A lot !! And I mean A LOT!!

2024 Kits on deck / in process / completed   

                         14 / 5 / 2  

                              Tongue Tied

  • Member since
    February 2003
  • From: East Bethel, MN
Posted by midnightprowler on Sunday, October 11, 2020 8:20 AM

Great to see you over here Jim. Look forward to yout models.

Hi, I am Lee, I am a plastiholic.

Co. A, 682 Engineers, Ltchfield, MN, 1980-1986

1 Thessalonians 4:13-18 1 Corinthians 15:51-54

Ask me about Speedway Decals

  • Member since
    October 2019
  • From: New Braunfels, Texas
Posted by Tanker-Builder on Saturday, October 10, 2020 2:08 PM

Well;

 This is an interesting build. I am not usually interested in this kind of vehicle, but you caught me on this! I will follow to the end for sure!

  • Member since
    October 2020
  • From: Hillsboro, TX
Posted by Oldtimeracer on Saturday, October 10, 2020 1:19 PM

Diecast pieces are at the stripper, so I've worked on the T-tops a little. As I was sitting in my shop, it reminded me of building the real one.

Sports Car Club of America rules at the time of our build required that the car have a stock roof and windshield (eventually we would add a Lexan windshield when the rules changed). The location of the roof heavily influenced where the rest of the fibreglass body was hung on the chassis.

You can see the stock roof in this picture, which includes the front A-pillars.



In order to get our roof located correctly, I borrowed a buddy's IROC Z and drove it down to the shop. We set the two cars side by side and moved the roof around on the cage until it looked right.

When then fabricated some mounting tabs and welded it onto the cage tubes.

With a realization that the A pillars of the diecast donor body are cast into the body, I thought these pictures, to some degree, represented the roof mounting process we went through back then.





And then just for fun, I laid on the front windshield and rear glass.






Hoping the stripper calls today and says the body is ready.

I collect and work exclusively in 1/18 scale.

  • Member since
    October 2020
  • From: Hillsboro, TX
Posted by Oldtimeracer on Saturday, October 10, 2020 1:19 PM

Going to try to pick them off one at a time, simultaneously.

Here's how we look at the end of today.



From the front to the back, I'll start with the hood. If you look at one of the earlier pictures, the hood stood up at the base of the windshield. There were some details cast into the underside of the hood that were interfering with the air cleaner and windshield base, so those have been removed.





The donor has T-tops, and of course, our car had a solid roof, so beginning to work on melding them together, and then closing the gaps with body putty.



And, of course, we've got the fuel filler relocated.



I will keep walking around the model, correcting items as I go, knowing full well that frequently a correction will require another one, due to the relationships of pieces changing as you go.

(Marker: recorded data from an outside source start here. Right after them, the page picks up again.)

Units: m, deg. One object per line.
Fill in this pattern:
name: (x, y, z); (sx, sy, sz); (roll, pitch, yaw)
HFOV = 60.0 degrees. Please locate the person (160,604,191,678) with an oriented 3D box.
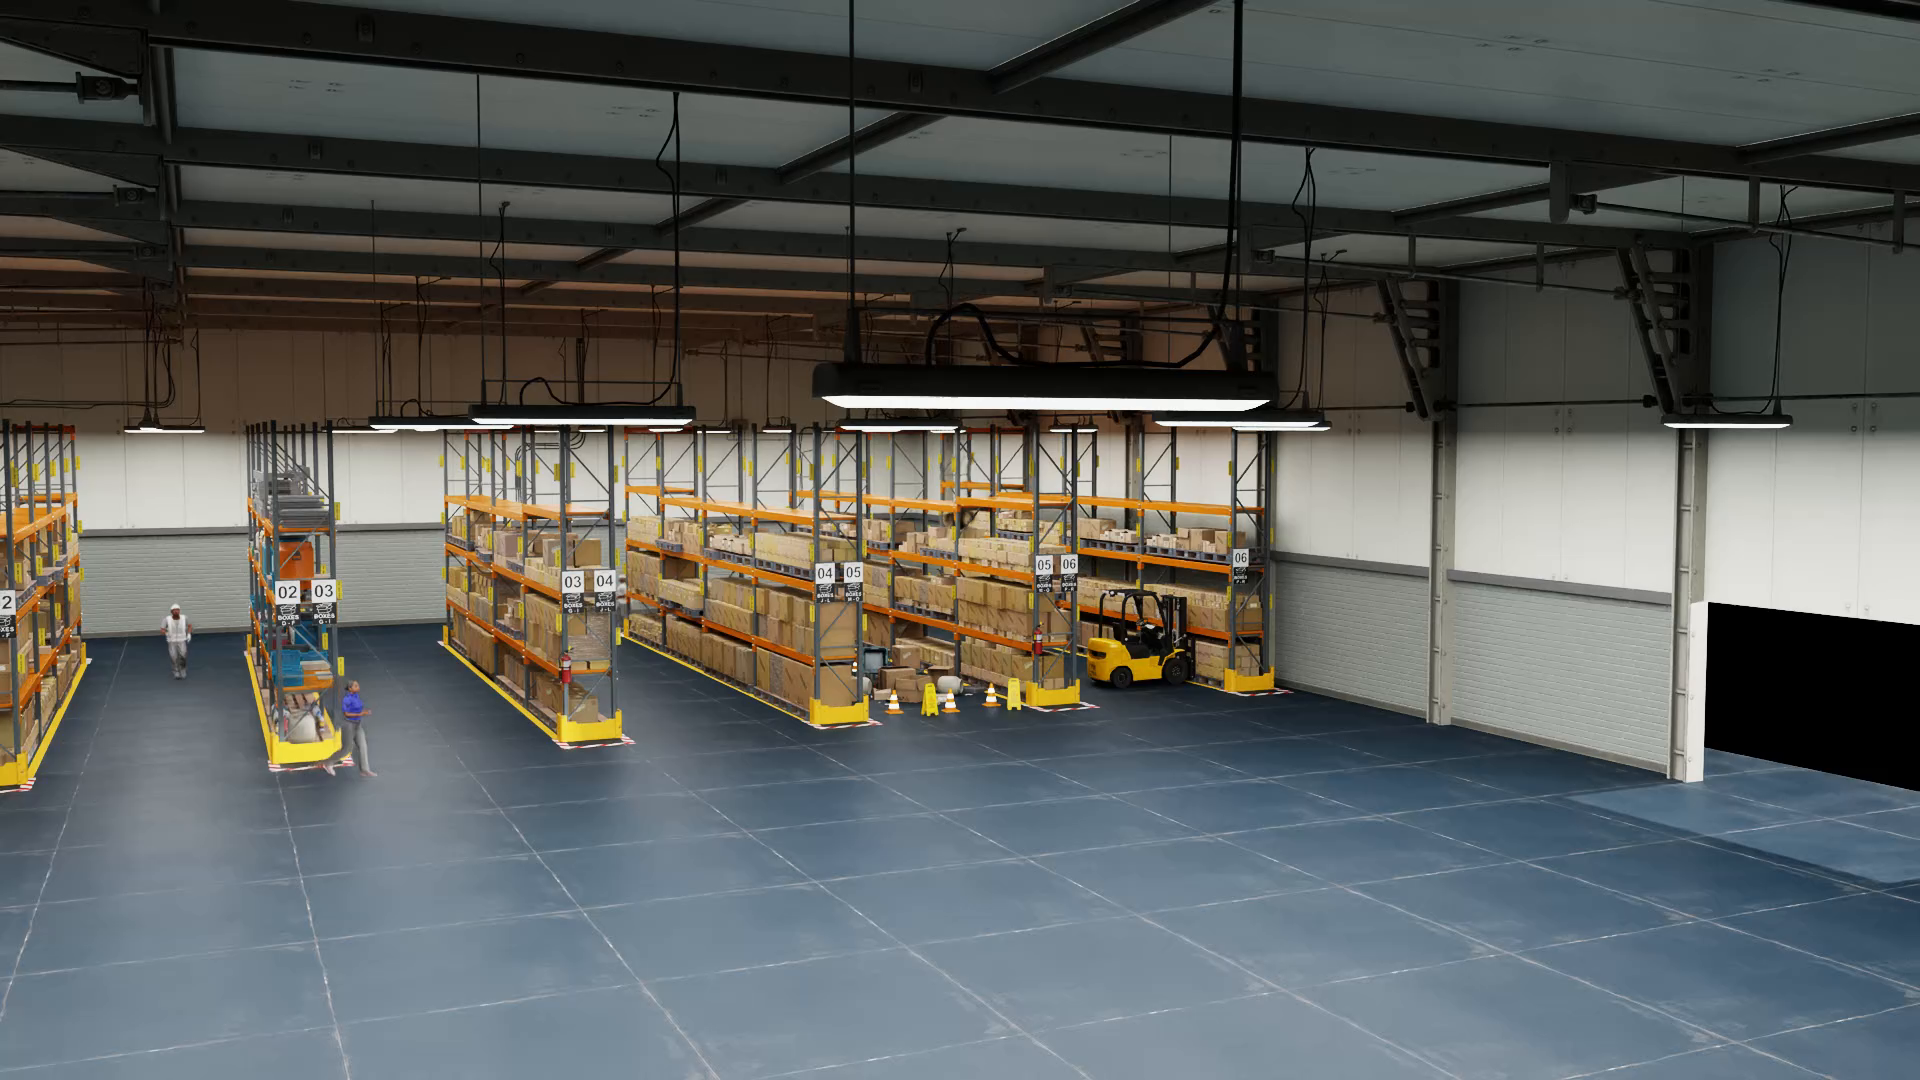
person: (-18.439, 2.396, 39.137); (0.674, 1.761, 0.643); (-2, 4, -27)

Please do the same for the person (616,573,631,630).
person: (-9.863, 1.827, 48.608); (0.664, 1.767, 0.708); (-2, 4, -27)

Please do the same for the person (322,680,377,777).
person: (-10.169, 3.137, 27.732); (0.929, 1.631, 0.582); (0, 4, 8)
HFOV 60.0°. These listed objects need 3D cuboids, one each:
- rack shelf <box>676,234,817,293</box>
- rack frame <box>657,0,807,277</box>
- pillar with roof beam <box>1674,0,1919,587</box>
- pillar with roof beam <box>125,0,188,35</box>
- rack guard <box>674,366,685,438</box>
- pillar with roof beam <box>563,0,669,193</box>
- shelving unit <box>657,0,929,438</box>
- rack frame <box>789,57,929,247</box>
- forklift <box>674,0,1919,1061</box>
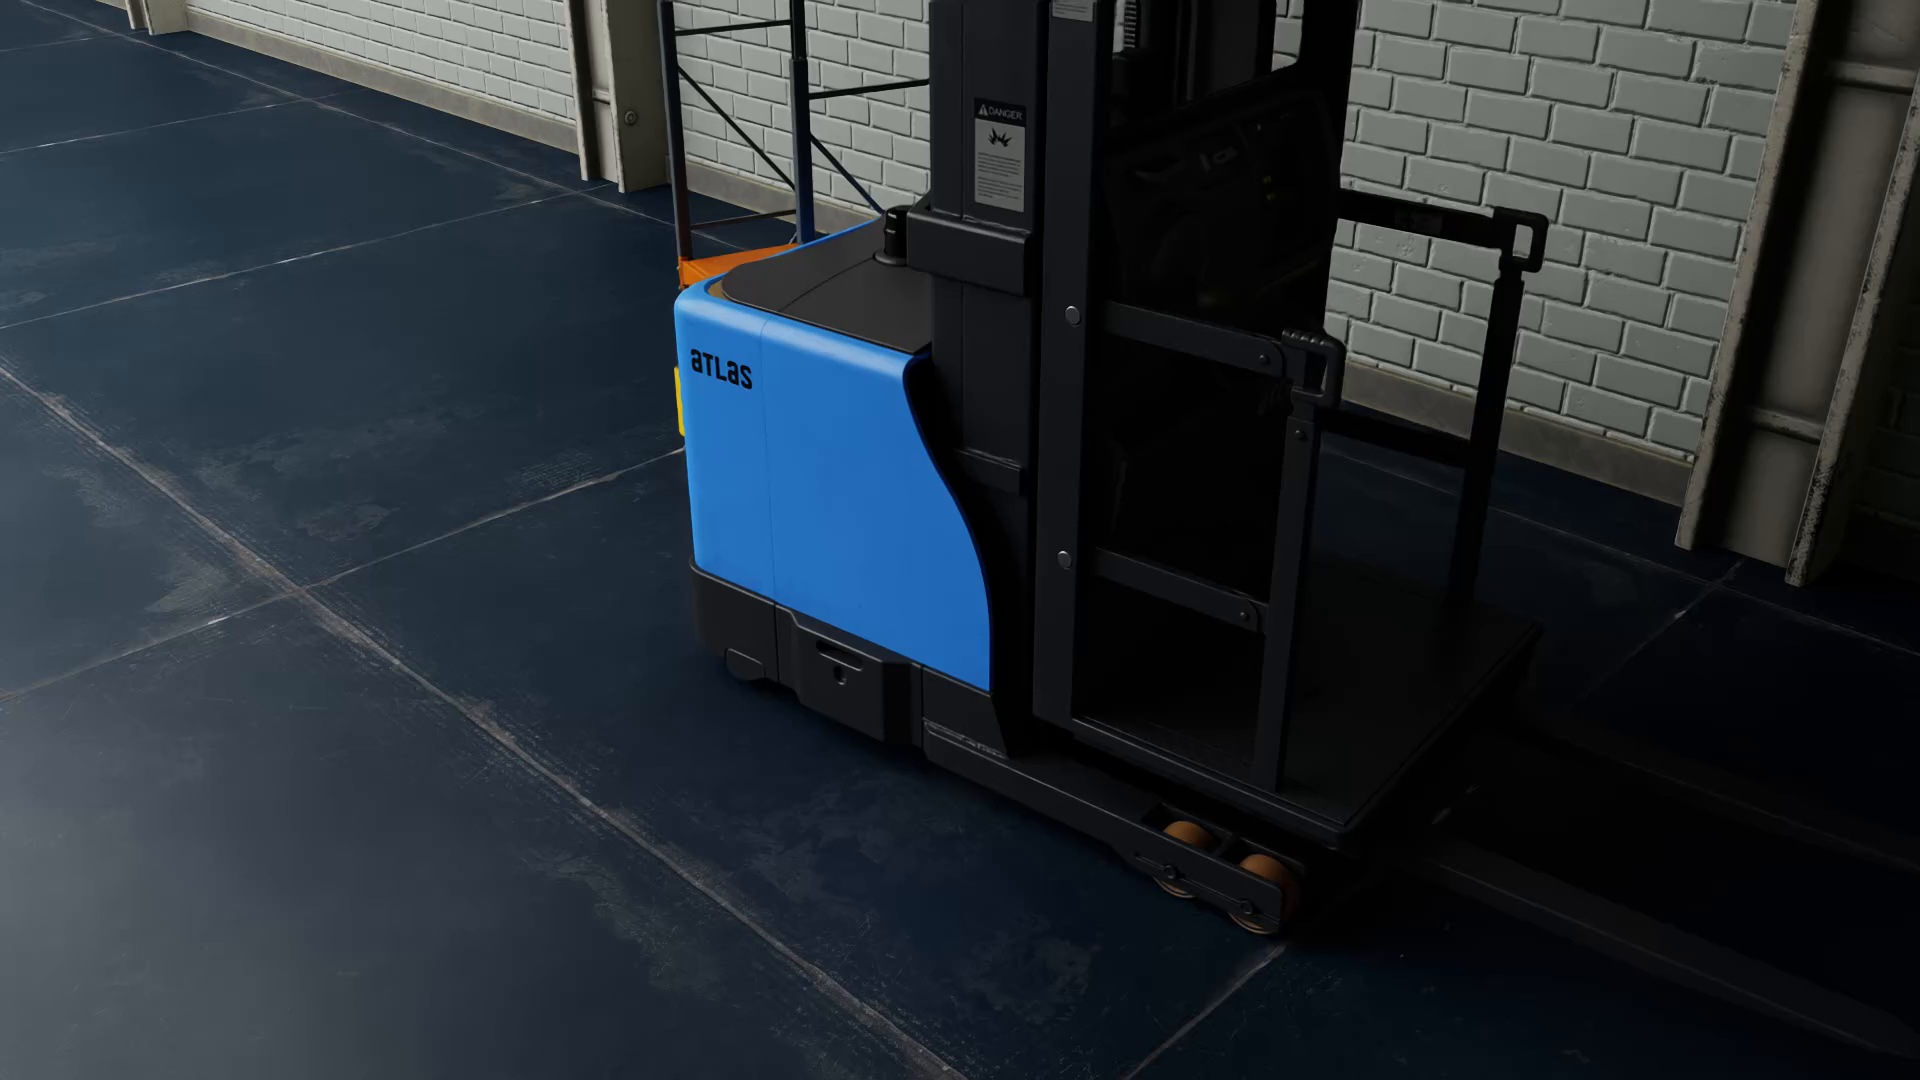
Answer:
[{"bbox_3d":[-0.490,-0.739,5.431,0.538,0.185,1.000,-15,31,-26],"label":"rack shelf"},{"bbox_3d":[-0.740,-1.105,5.739,0.500,1.500,0.032,-15,31,-26],"label":"rack frame"},{"bbox_3d":[-0.528,-2.526,0.385,0.400,9.000,9.100,25,36,38],"label":"pillar with roof beam"},{"bbox_3d":[-9.085,-6.441,7.831,0.400,9.000,9.100,25,36,38],"label":"pillar with roof beam"},{"bbox_3d":[-0.740,-0.551,6.029,0.587,0.250,0.087,-15,31,-26],"label":"rack guard"},{"bbox_3d":[-4.806,-4.484,4.108,0.400,9.000,9.100,25,36,38],"label":"pillar with roof beam"},{"bbox_3d":[-0.495,-0.902,5.354,0.587,1.500,1.083,-15,31,-26],"label":"shelving unit"},{"bbox_3d":[-0.240,-0.693,4.956,0.500,1.500,0.032,-15,31,-26],"label":"rack frame"},{"bbox_3d":[0.742,-0.721,3.472,3.031,2.935,1.130,20,34,33],"label":"forklift"}]
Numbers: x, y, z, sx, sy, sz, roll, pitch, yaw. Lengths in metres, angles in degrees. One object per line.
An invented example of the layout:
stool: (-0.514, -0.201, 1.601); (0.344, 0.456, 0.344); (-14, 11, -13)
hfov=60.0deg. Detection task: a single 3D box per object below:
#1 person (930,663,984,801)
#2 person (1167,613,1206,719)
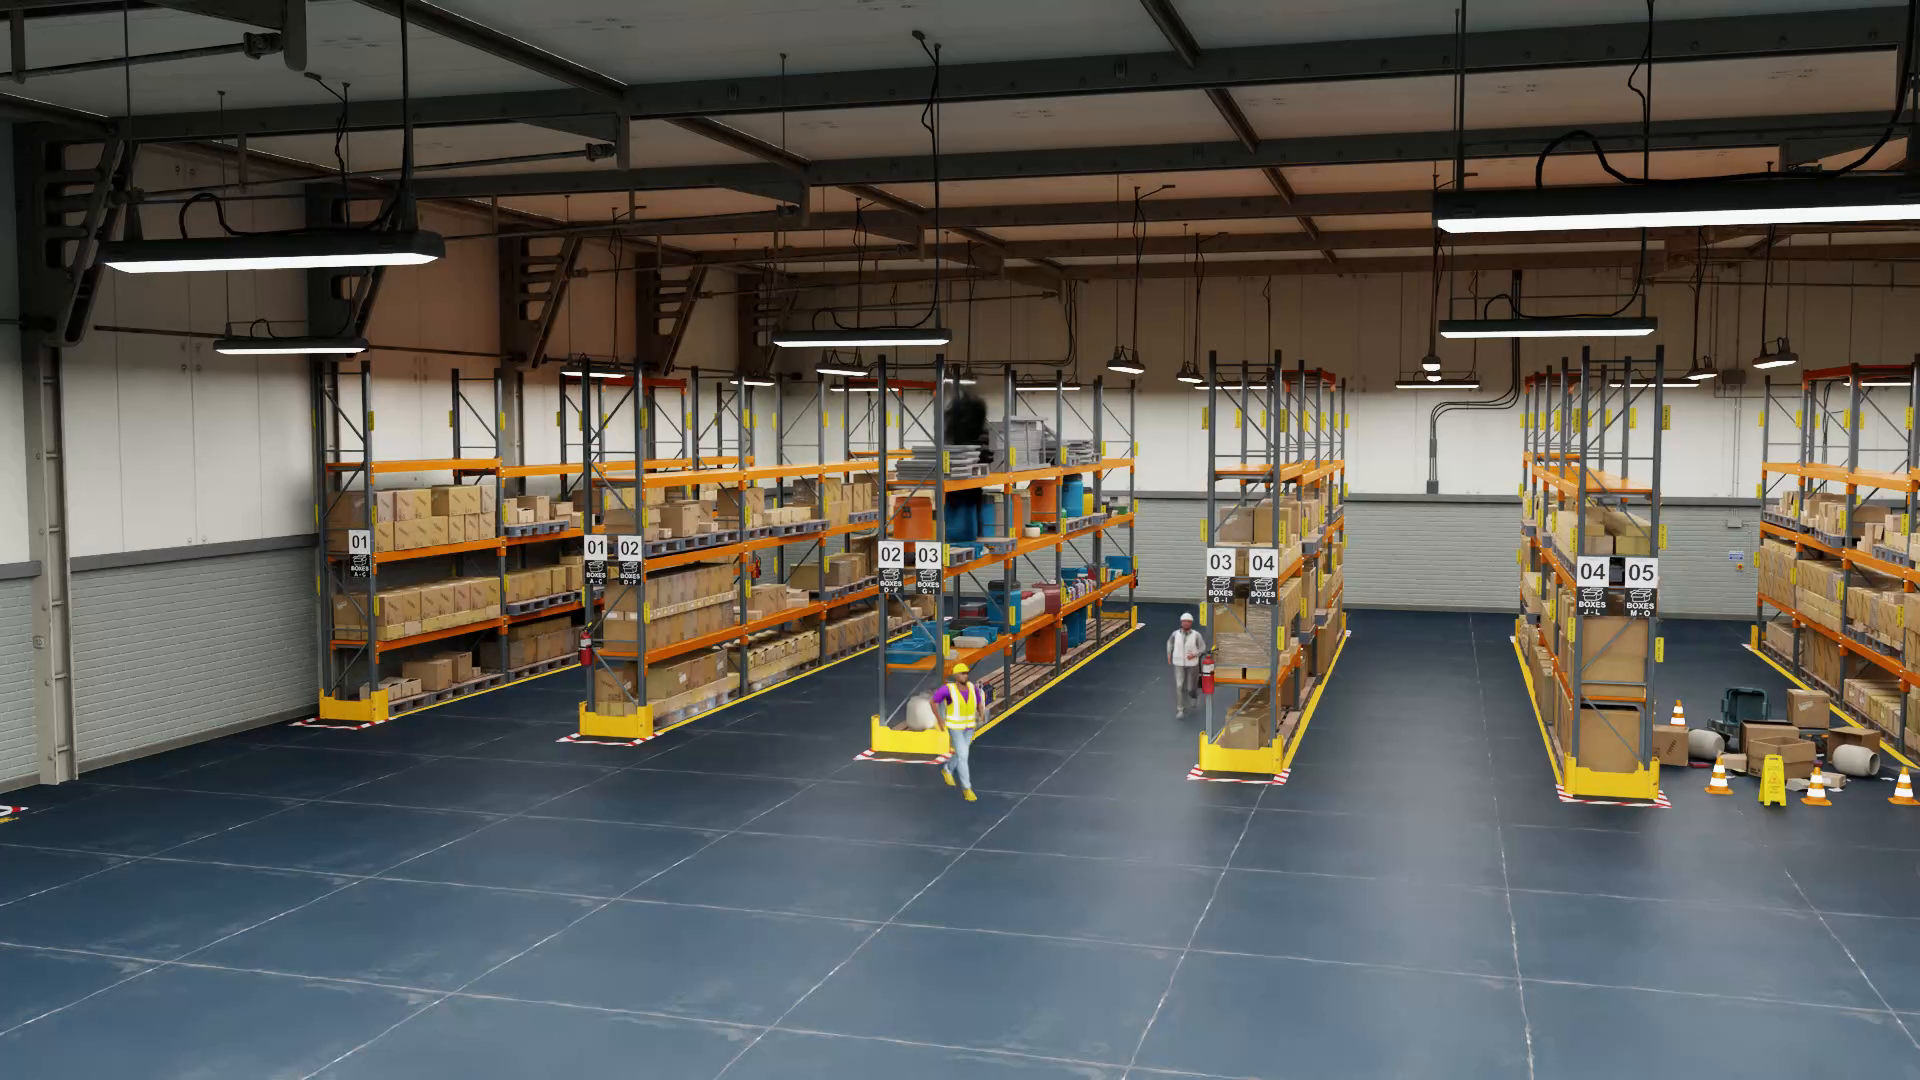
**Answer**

I collect and work exclusively in 1/18 scale.

  • Member since
    October 2020
  • From: Hillsboro, TX
Posted by Oldtimeracer on Saturday, October 10, 2020 1:18 PM

As you get deeper into one of these blending projects, the level of detail increases, with respect to the accommodations that need to be made to each major component.

Got the doors hollowed out, and mounted one onto the body.



One of the first things I need to consider is this major disconnect where the body and floor join along the rocker panel.



I can certainly trim back the floor pan of the GMP chassis (and again violate my own requirement to keep it as intact as practical), but there is still a gap that will need to be filled somehow.

Front (and rear) track is too wide, so I need to figure out how to flare the fenders to cover the tops of the tires. I have a choice of several pre-molded flare lips that I will need to test fit.



Will also need to close this gap, at the rear, or at least detail it to where it doesn't simply look like two models squished together.



The dry break comes up short compared to the Sunstar rear window. Thinking about cutting it off, bending some aluminum tubing, and actually having it come out at the molded in fuel filler location on the SunStar body.

I collect and work exclusively in 1/18 scale.